Another advantage would be providing a trove of data for enhancing policy decisions with respect to housing by government at various levels.

“We’ve been working with Townsville city council to get a lot of their housing data into an electronic building passport, and then seeing if we can use those data sets to create spatial maps for the council that show in colour the different energy ratings of all the different houses in a given suburb,” said Miller.

“If a council or state government wanted to have an energy efficiency drive rather than a general target market, they can actually have a targeted market of just those houses that are underneath a particular level for example.

“[Electronic building passports] could also be used to know what materials are used in houses, so if there’s an asbestos scare, or a scare over wiring or other building products – all things which have occurred in recent years, you can actually try to find specifically where those places are.”

Miller points to local governments as the best launching point for an electronic building passport system in Australia, given that the remit of their current duties encompasses data collection.

“I think it makes sense that it starts at a local government level, because they’re the ones who have the biggest pieces of information about individual dwellings,” she said. “It makes sense that whatever system is put in place actually utilises that data as a starting point.

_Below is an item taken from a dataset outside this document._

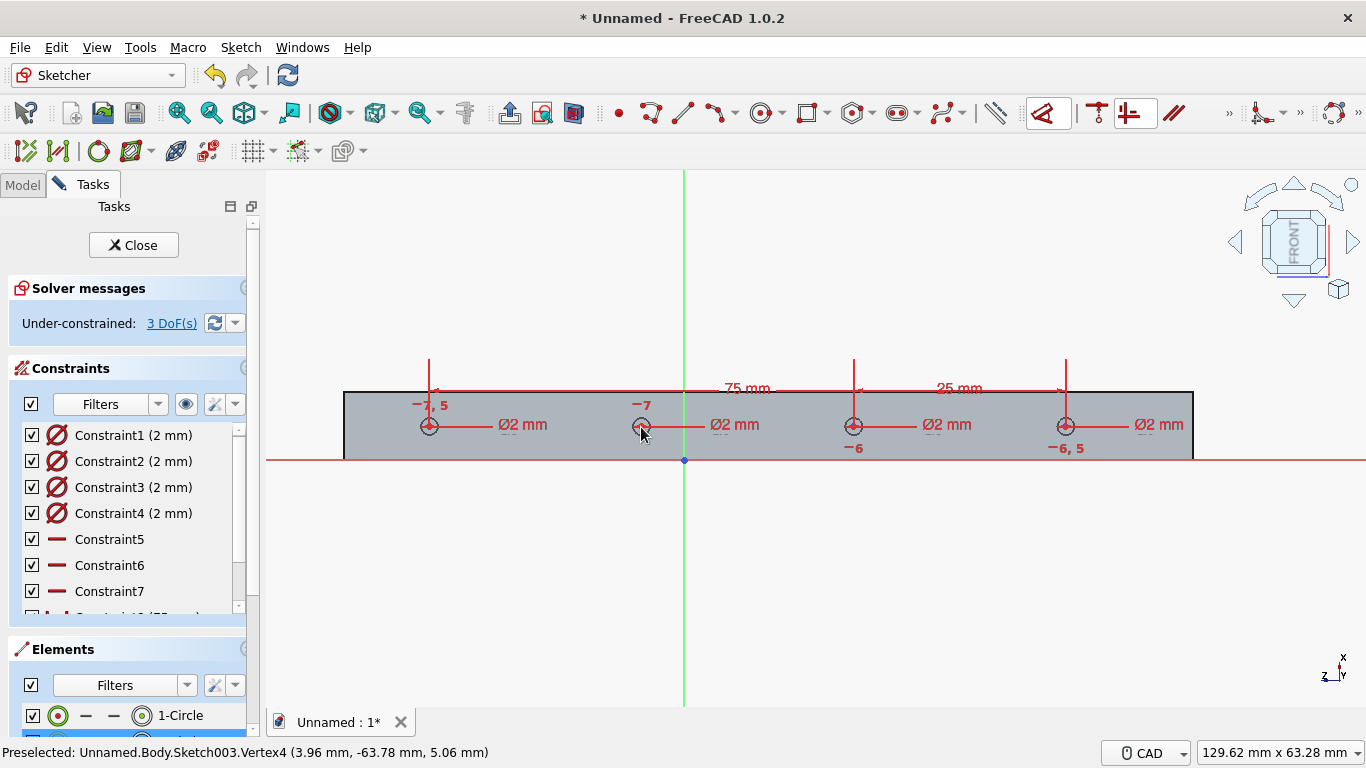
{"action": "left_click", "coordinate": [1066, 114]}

“One potential solution I see is that local governments used to and still to some extent do collect information on housing for the Australian Bureau of Statistics – that system could be expanded so that we also capture sustainability related things, like energy efficiency, energy usage, whether they have solar panels, what sort of building materials they’re using.”

When it comes to centralised management of the data, Miller points to the possibility of establishing a federal-level body beneath a Commonwealth department.

“It needs to be something electronic, something that different parties can contribute their databases towards, something that can allow different levels of access to the data for different types of uses,” she said.

“Who would actually own or manage that system would be a little difficult to determine. I think ideally that would be a federal initiative, perhaps not a government department, but something under the auspices of a government department.”